I can’t imagine the heartbreaking decision to go through with an abortion to save the life of the mother. I can’t imagine the agony of choosing one life over another.

So I have to ask.

Wouldn’t the safety of mother and child be the greatest victory?

Why strip the rights and protections from the child in the name of protecting the mother? It makes no sense.

And what of those unborn children who die as the result of their mother being assaulted? Certain repeals and code changes in the RHA include language about abortions only being performed by medical professionals and doctors. If this language is repealed, is there other language within New York law that gives recourse to a mother whose unborn child is killed against her will?

In the name of protecting women, children have been put at risk and women who are victims of forced abortions seem to have lost legal recourse. Our most vulnerable have now been made more so.

In the first century, sister and brother Christians were known for saving children left to die by exposure to the elements.
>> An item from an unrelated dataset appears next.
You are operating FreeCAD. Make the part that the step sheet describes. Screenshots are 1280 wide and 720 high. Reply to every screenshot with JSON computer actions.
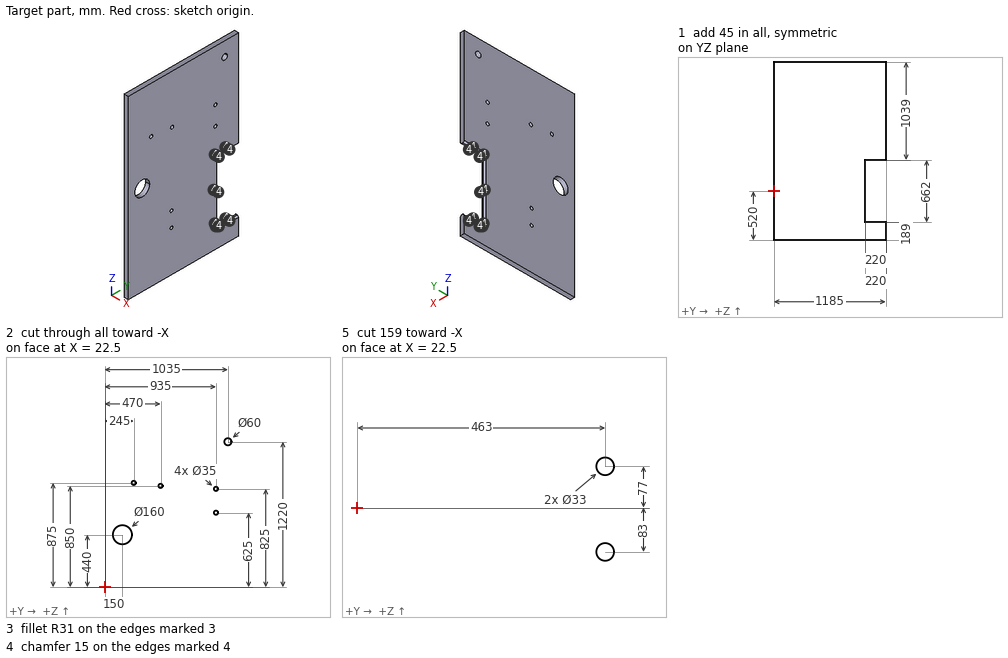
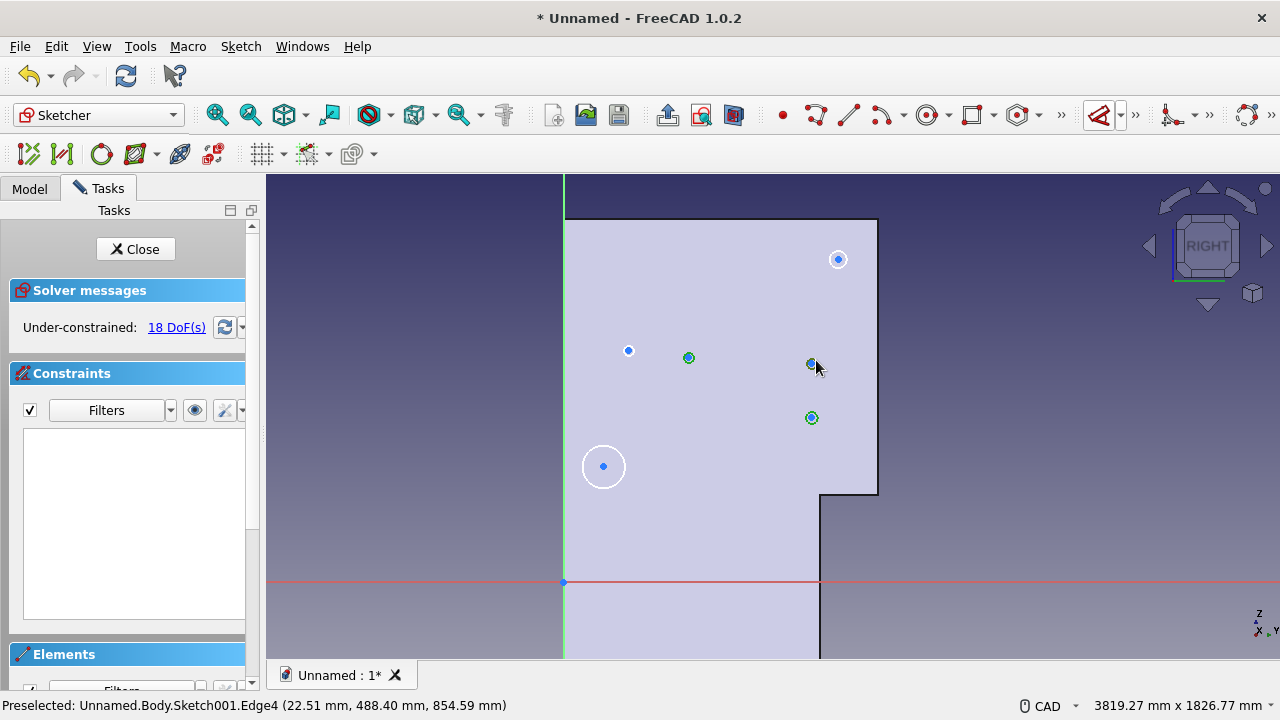
{"action": "scroll", "coordinate": [632, 347], "scroll_direction": "up", "scroll_amount": 6}

The Church entered the Roman world “condemning abortion and infanticide as loudly and as early as it could.”

I pray that we would continue this ancient Christian work today.
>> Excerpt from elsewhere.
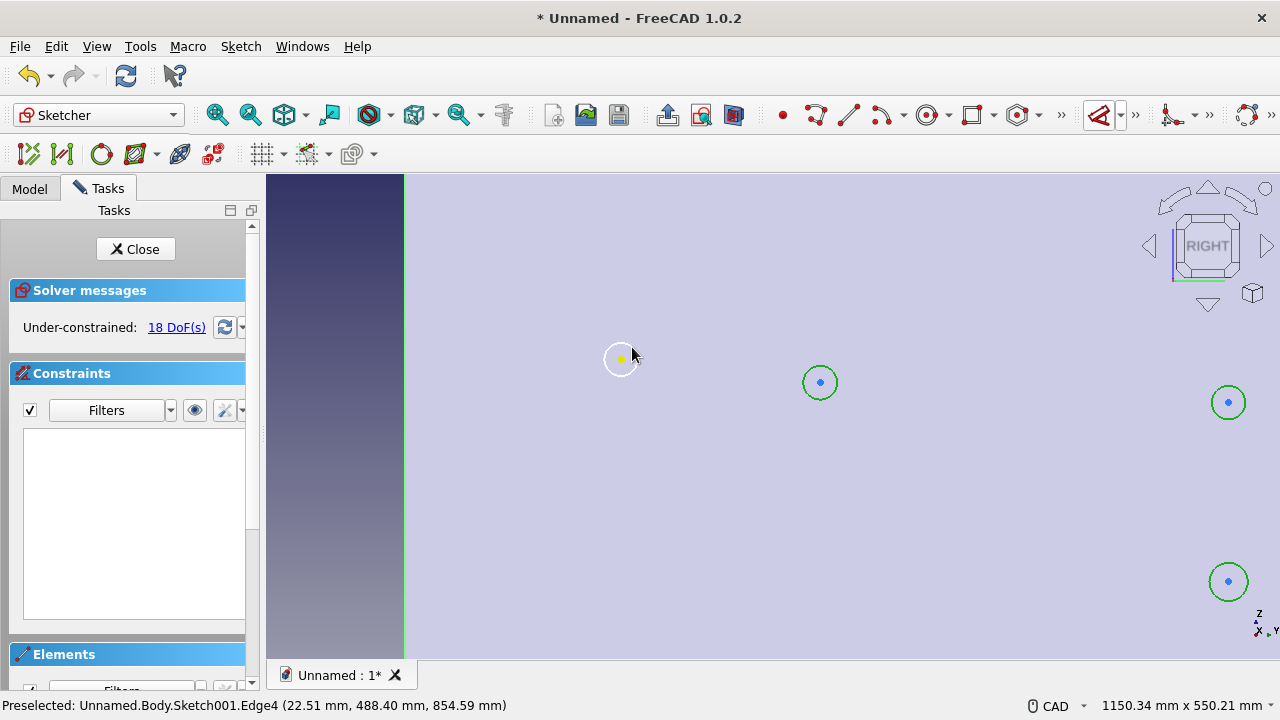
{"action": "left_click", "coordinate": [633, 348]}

And I pray that social justice advocates would be on the front lines of the anti-abortion fight.

Yes, pro-life work is more than being anti-abortion. A truly pro-life ethic requires condemning abortion while also working for the protection and care of women and girls.

It means not only working to “defund Planned Parenthood”, but promoting ethical crisis pregnancy centers and ensuring that ethnic minorities and the poor have access to the health care that they need.

It means addressing the mortality rate faced by black women that far surpasses any other group of women.

It means ready access to prenatal care, adoption agencies, postpartum counseling, career training, education, and child care. It means empowering women and protecting children.

For those who care about social justice, pro-life work is whole-life work.

And, honestly, for too long the pro-life movement has harbored racism, sexism, and a disregard for the health concerns of women and children. These cancers must be removed from the pro-life movement if social justice advocates, particularly black and other non-white sisters and brothers, will feel comfortable being a part of today’s pro-life movement.

But such reservations about the evangelical pro-life movement cannot lead us to ignore laws like the one passed in New York. Legal protections for the killing and neglect of infants are abhorrent and wicked. They must be denounced as such. This is part of our call to social justice.

My prayer is that laws like the Reproductive Health Act would draw condemnation from all corners of the Christian world and that such an act would bring unity between those who disagree about social justice.

And I pray that the growing whole-life movement typified by groups like The And Campaign would become the loudest voice in the anti-abortion movement, a movement that must see all life as precious and all people of all ethnicities and national origins as worthy of dignity and protection from womb to tomb.

As we work to promote such abundant life, let’s continue our fight against laws like the Reproductive Health Act.

Marcos Ortega

Marcos Ortega (MDiv, Westminster Theological Seminary) is an Assistant Pastor at Goodwill Church (Evangelical Presbyterian Church) and lives in the Hudson River Valley in New York with his wife and two daughters.